Print version ISSN 1413-8123

Ciênc. saúde coletiva vol.16 n.10 Rio de Janeiro Oct. 2011

http://dx.doi.org/10.1590/S1413-81232011001100016 

ARTIGO ARTICLE

 

Dor dental nos últimos 3 meses em adolescentes e Estratégia Saúde da Família: a comparação entre duas áreas com abordagens diferentes de atenção em saúde bucal

 

Dental pain in the previous 3 months in adolescents and Family Health Strategy: the comparison between two areas with different to oralhealth care approaches

 

 

Jefferson Calixto CarvalhoI; Maria Augusta Bessa RebeloII; Mario Vianna VettoreIII

IEscola Superior de Ciências da Saúde, Universidade do Estado do Amazonas (ESA/UEA). Av. Carvalho Leal 1777, Cachoeirinha. 69065-001 Manaus AM. jeff1011@hotmail.com
IIFaculdade de Odontologia, Universidade Federal do Amazonas (UFAM)
IIIInstituto de Estudos em Saúde Coletiva, Universidade Federal do Rio de Janeiro (IESC/UFRJ)

 

 


RESUMO

O estudo objetivou comparar a prevalência e a intensidade da dor dental nos últimos 3 meses em adolescentes moradores de duas áreas de abrangência da Estratégia Saúde da Família com diferentes abordagens de atenção em saúde bucal. Um estudo transversal foi realizado com 300 adolescentes de 12 a 14 anos, selecionados em escolas públicas, na cidade de Manaus, Brasil. Adolescentes de uma área com Equipe de Saúde Bucal, onde são realizadas ações de promoção de saúde (Grupo I, N=150), foram comparados com moradores de uma área onde somente é oferecido (Grupo II, N=150) tratamento odontológico. Características demográficas e socioeconômicas foram coletadas, bem como a prevalência e a intensidade de dor dental nos últimos 3 meses, empregando-se uma escala do tipo Likert. A média de idade dos participantes foi de 12,9 ± 0,8 anos, sendo 46,7% meninos. A prevalência de dor dental nos últimos 3 meses foi de 33,7%, e não diferiu entre os Grupos I e II (P>0,05). A intensidade de dor dental média a alta, nos últimos 3 meses, foi associada com o Grupo II (OR: 2,11 [IC95%=1,17-3,81]) após ajuste para covariáveis. Adolescentes moradores da área onde somente tratamento odontológico é oferecido foram mais propensos à dor dental de maior intensa em relação àqueles moradores da área onde predominam ações de promoção de saúde.
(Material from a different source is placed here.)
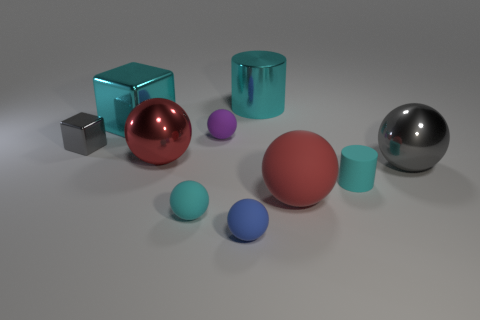Subtract all rubber balls. How many balls are left? 2 Subtract all cyan blocks. How many blocks are left? 1 Subtract all cylinders. How many objects are left? 8 Subtract 1 cylinders. How many cylinders are left? 1 Subtract all green cubes. How many brown cylinders are left? 0 Subtract 0 purple blocks. How many objects are left? 10 Subtract all brown balls. Subtract all red cubes. How many balls are left? 6 Subtract all large rubber spheres. Subtract all big matte spheres. How many objects are left? 8 Add 7 big shiny spheres. How many big shiny spheres are left? 9 Add 10 large gray metal blocks. How many large gray metal blocks exist? 10 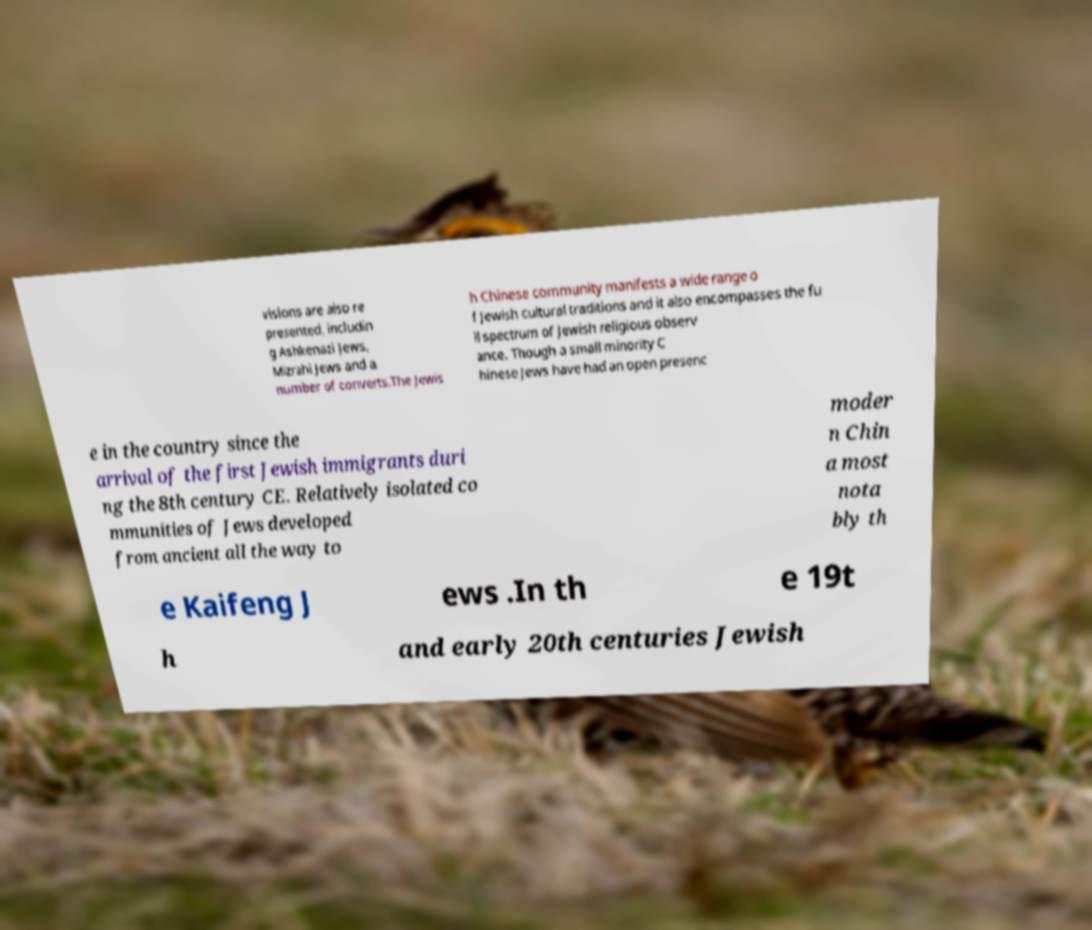There's text embedded in this image that I need extracted. Can you transcribe it verbatim? visions are also re presented, includin g Ashkenazi Jews, Mizrahi Jews and a number of converts.The Jewis h Chinese community manifests a wide range o f Jewish cultural traditions and it also encompasses the fu ll spectrum of Jewish religious observ ance. Though a small minority C hinese Jews have had an open presenc e in the country since the arrival of the first Jewish immigrants duri ng the 8th century CE. Relatively isolated co mmunities of Jews developed from ancient all the way to moder n Chin a most nota bly th e Kaifeng J ews .In th e 19t h and early 20th centuries Jewish

Palavras-chave: Sistema Único de Saúde, Dor dental, Epidemiologia


ABSTRACT

This study sought to compare the prevalence and intensity of dental pain in the last 3 months in adolescents living in two areas within the scope of Family Health Strategy with different to oralhealth care approaches. A cross-sectional study was conducted with 300 adolescents selected from public schools in the city of Manaus, Brazil. Adolescents living in an area with an Oral Health Team in which of health promotion is predominant (Group I, N=150) were compared with those living in an area in which only dental treatment is offered (Group II, N=150). Demographic and socio-economic characteristics, oral health-related behavior and use of dental services were gathered. Prevalence and intensity of dental pain in the last 3 months was assessed using a tested and validated Likert scale. The mean age of the participants was 12.9±0.8 years, of which 46.7% were male. The prevalence of dental pain in the last 3 months was 33.7%, and did not differ between Groups I and II (P>0.05). Medium to high intensity dental pain in the last 3 months was associated with Group II (OR: 2.11 [CI95%=1.17-3.81]), after adjustment for covariates. Adolescents living in the area where only dental treatment is offered were more prone to severe dental pain compared to those living in the area where health programs are predominant.

Key words: Unified Health System, Dental pain, Epidemiology


 

 

Introdução

Dor, de forma geral, pode ser definida como "categoria de experiências múltiplas e únicas, as quais possuem diferentes causas e características"1. Desse modo, a dor dental, proveniente dos dentes e estruturas adjacentes, encaixa-se nessa definição e tem como principais causas a cárie, a doença periodontal, a sensibilidade de colo e o trauma dentário, além de outros fatores de origem não-odontogênicas2,3. A dor dental também é caracterizada como um importante problema de saúde pública mundial4.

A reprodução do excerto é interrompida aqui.